Het doel van Vespasianus” Spaanse politiek was de steun van zijn macht uit te breiden en het rijk te consolideren. De keizer was zich wellicht bewust van het politieke belang van de Spaanse provincies, dat door de burgeroorlog aan het licht was gekomen, en van de belangrijke rol die zij speelden in de keizerlijke economie. Vespasianus” onmiddellijke doel was wellicht de Spaanse adel in de krimpende Senaat op te nemen. Vertegenwoordigers van deze laatste groep vormden inderdaad een invloedrijke “factie” in de Romeinse Senaat gedurende de kwart eeuw van Flavius; in 98 werd een in Spanje geboren Marcus Ulpius Trajanus zelfs keizer (de eerste keizer die buiten Italië was geboren), en dit werd grotendeels mogelijk gemaakt door het beleid van Vespasianus.
Anderzijds nam de keizer maatregelen om de inkomsten van de schatkist te verhogen, waarbij hij geen enkele bron schuwde. Hij schafte de belastingvrijstellingen af die Galba aan een aantal gemeenschappen in Gallië had verleend voor hun steun aan Gaius Julius Vindex (de aldus ontstane achterstand werd ingevorderd. Vespasianus ontnam Achaea de vrijheid die Nero had verleend (73), begon belastingen te heffen in Samos, Byzantium, Rhodos en Lycië. Hij creëerde de provincie Hellespont en plande de oprichting van een provincie van de eilanden; vermoedelijk zouden deze beide bestuurseenheden financiële districten worden, bestuurd door procuratoren, en geleerden geloven dat het voornaamste doel van deze transformaties was om de belastinginning te verbeteren. Bronnen maken melding van een algemene verhoging van de belastingheffing in de provincies (in sommige gevallen werden de belastingen verdubbeld), de invoering van “nieuwe zware belastingen”, ook in Italië en Rome, en de omvorming van de mijnbouw tot een keizerlijk monopolie.

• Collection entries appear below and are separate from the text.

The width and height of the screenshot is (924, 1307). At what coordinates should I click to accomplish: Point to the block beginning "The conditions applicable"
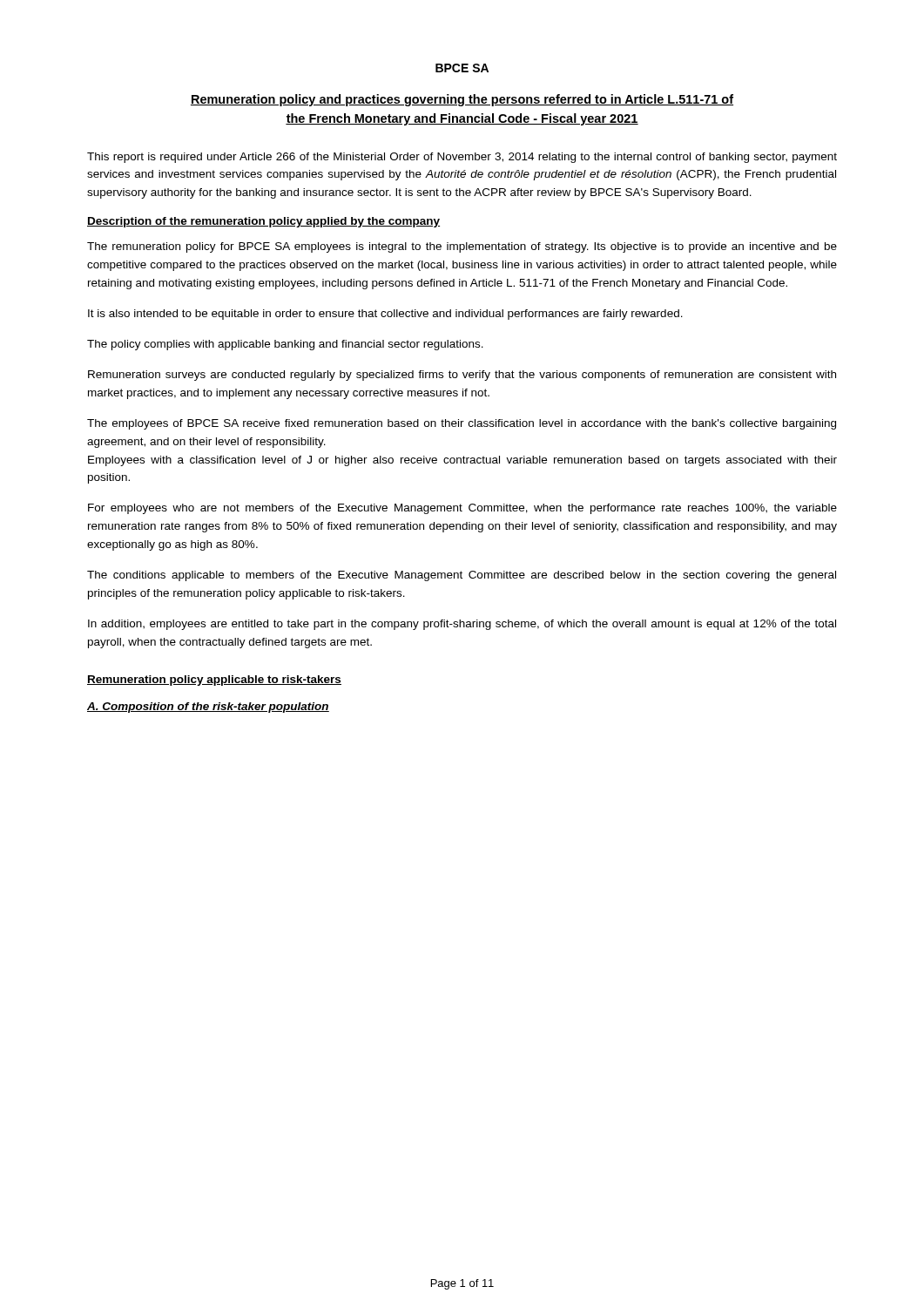click(x=462, y=584)
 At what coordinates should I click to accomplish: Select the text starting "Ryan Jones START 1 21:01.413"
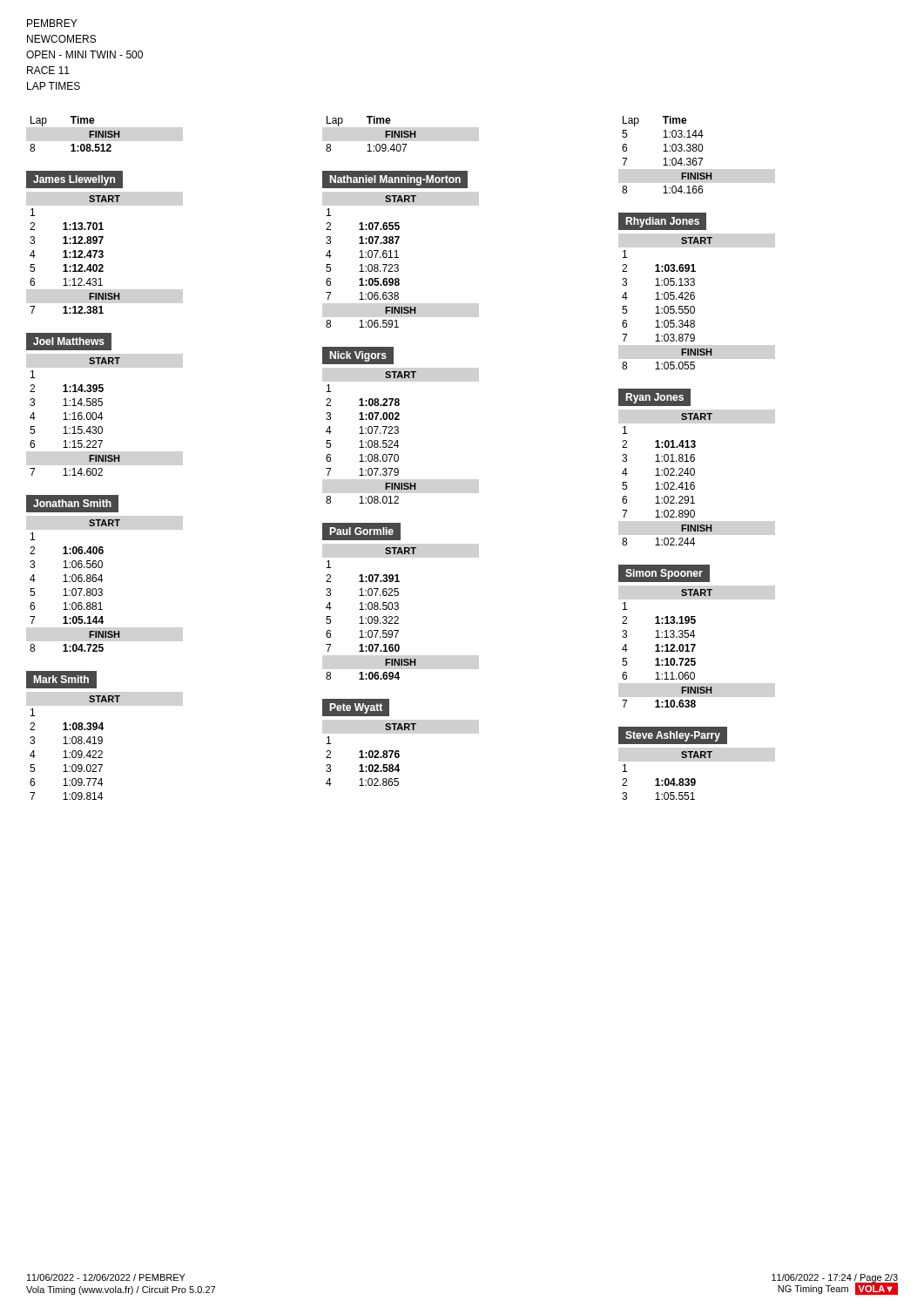tap(654, 397)
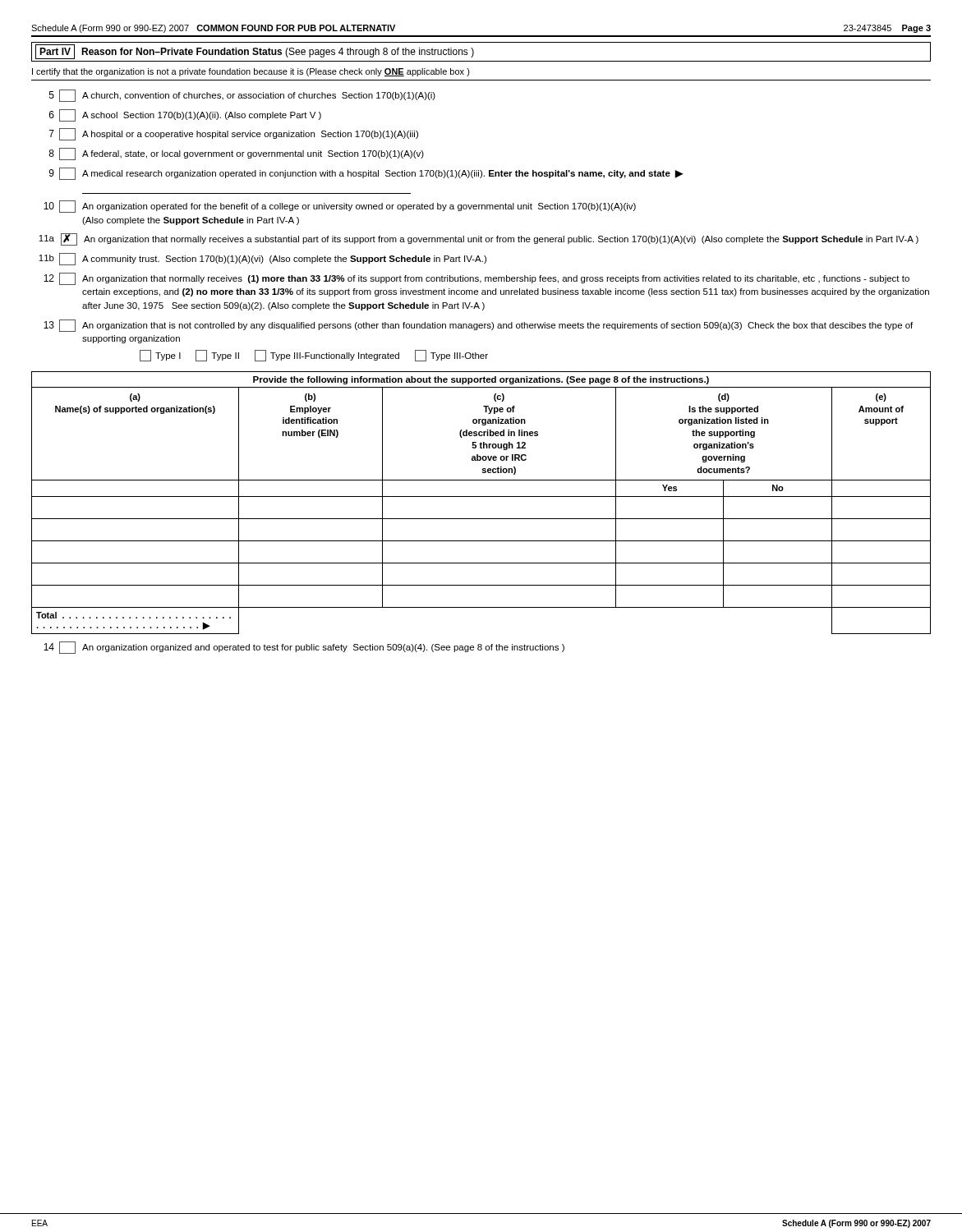The image size is (962, 1232).
Task: Locate the text block starting "I certify that the organization"
Action: click(251, 71)
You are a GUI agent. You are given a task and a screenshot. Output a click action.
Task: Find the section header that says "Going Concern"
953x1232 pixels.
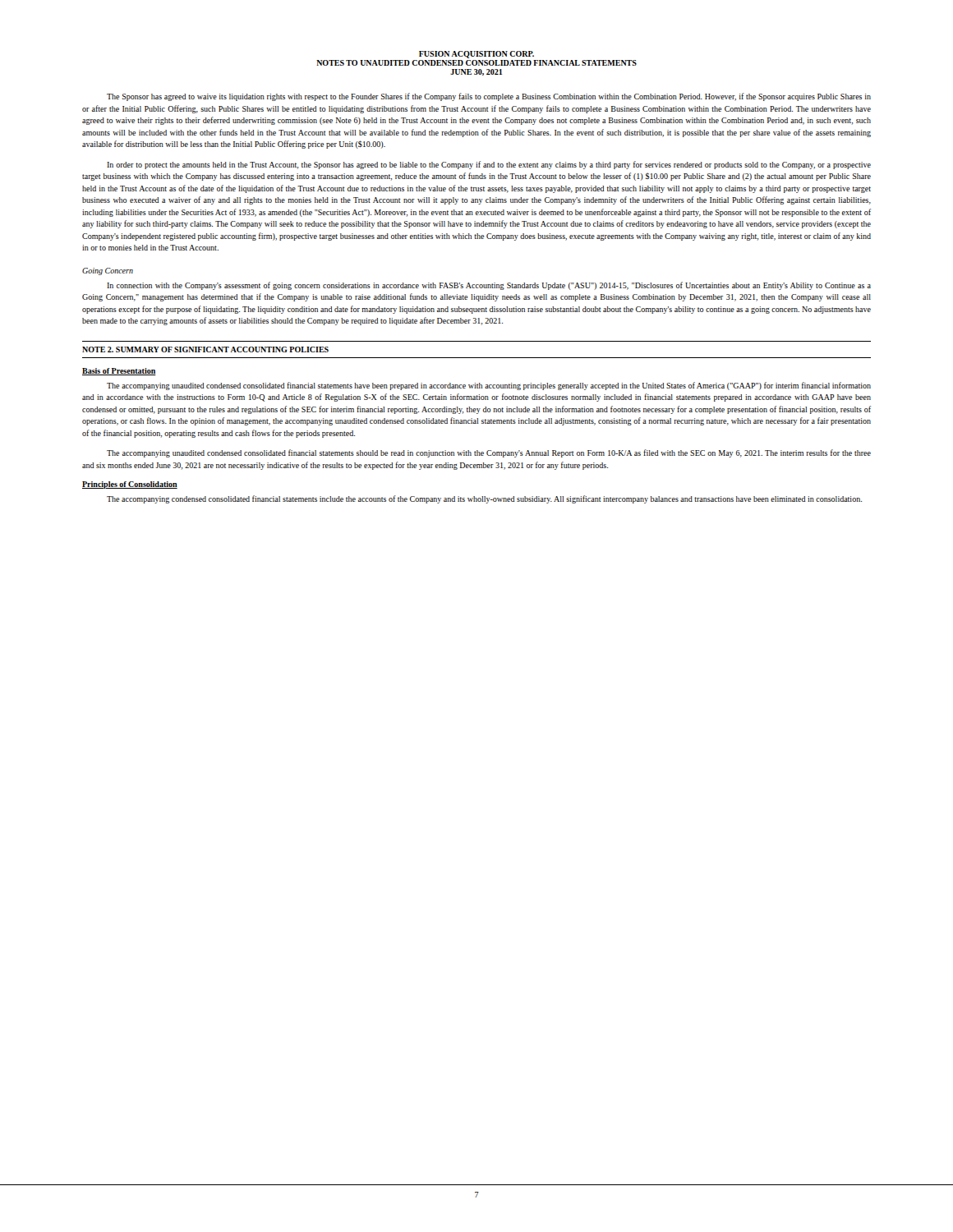pyautogui.click(x=108, y=270)
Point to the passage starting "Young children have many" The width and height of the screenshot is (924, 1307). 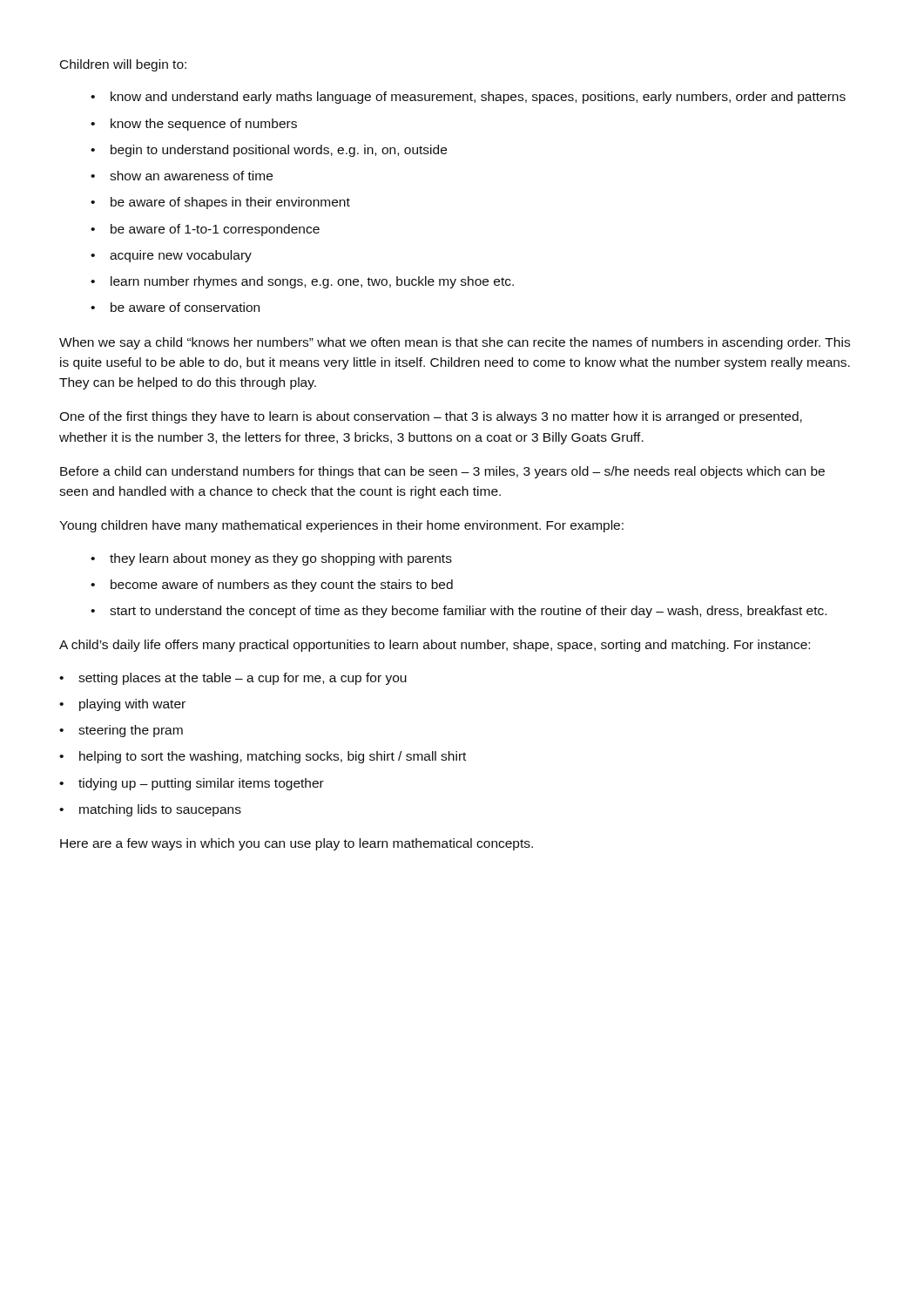(x=342, y=525)
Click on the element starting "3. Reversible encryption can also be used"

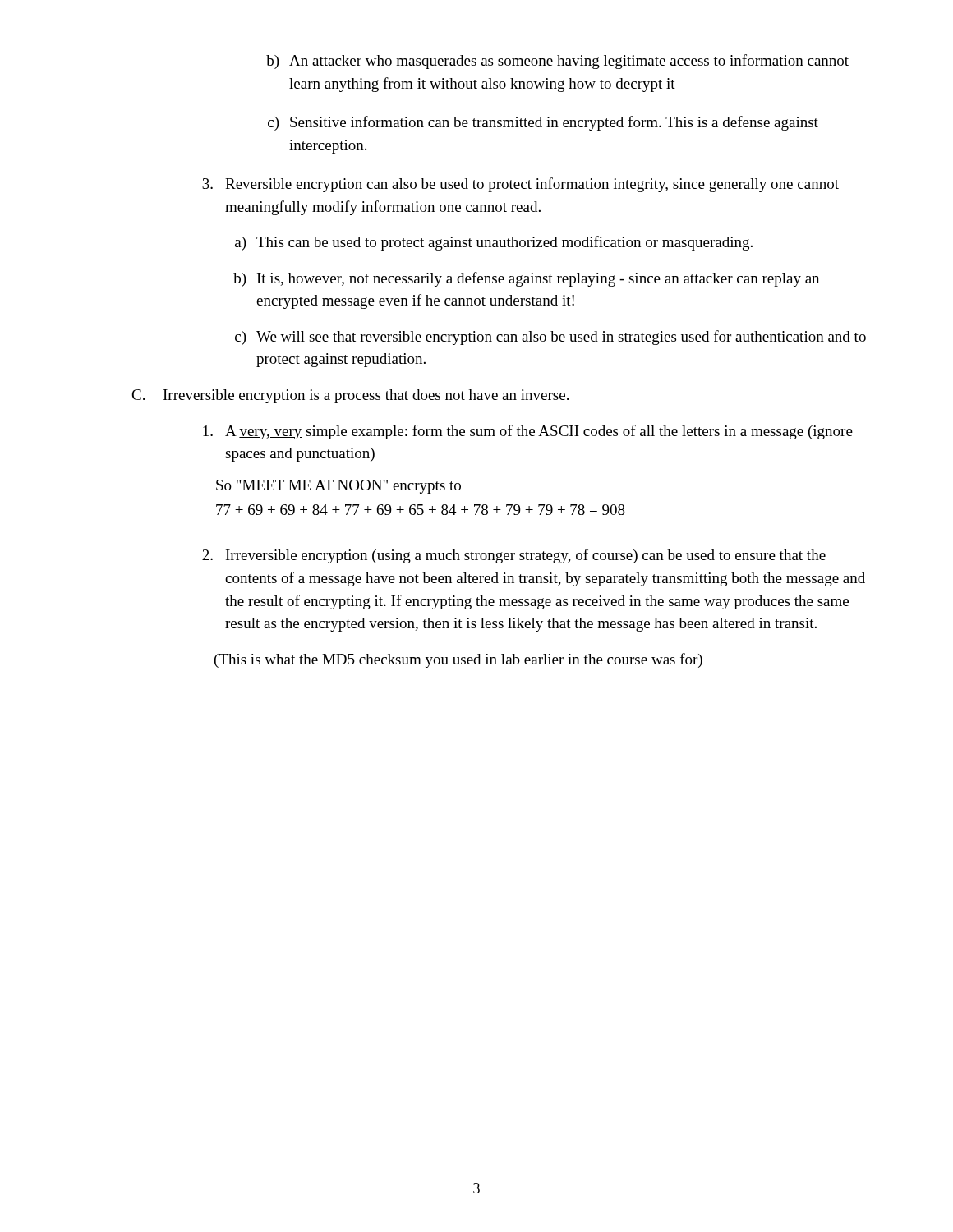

Titus berispte zijn vader omdat hij ook de latrines belastte; hij nam een muntje van de eerste winst, hield het tegen zijn neus en vroeg of het stonk. “Nee,” antwoordde Titus. “En toch is het pis geld,” zei Vespasianus.
Suetonius vertelt een aantal andere verhalen over hoe Titus Flavius de schatkist vulde. De keizer kocht dingen om ze vervolgens met winst door te verkopen, verkocht openbare ambten en nam steekpenningen aan voor het vellen van bepaalde vonnissen in de rechtbank. “De meest roofzuchtige ambtenaren, zo gelooft men, promoveerde hij met opzet naar steeds hogere plaatsen om hen te laten profiteren en hen dan aan te klagen – er werd gezegd dat hij hen gebruikte als sponzen, het droge nat laten worden en het natte uitknijpen.” De overgeleverde bronnen vermelden slechts één afpersingsproces (het proces van Julius Bassus), maar in werkelijkheid kunnen er meer van dergelijke processen zijn geweest: Tacitus kan erover hebben geschreven in het verloren deel van zijn Historiën.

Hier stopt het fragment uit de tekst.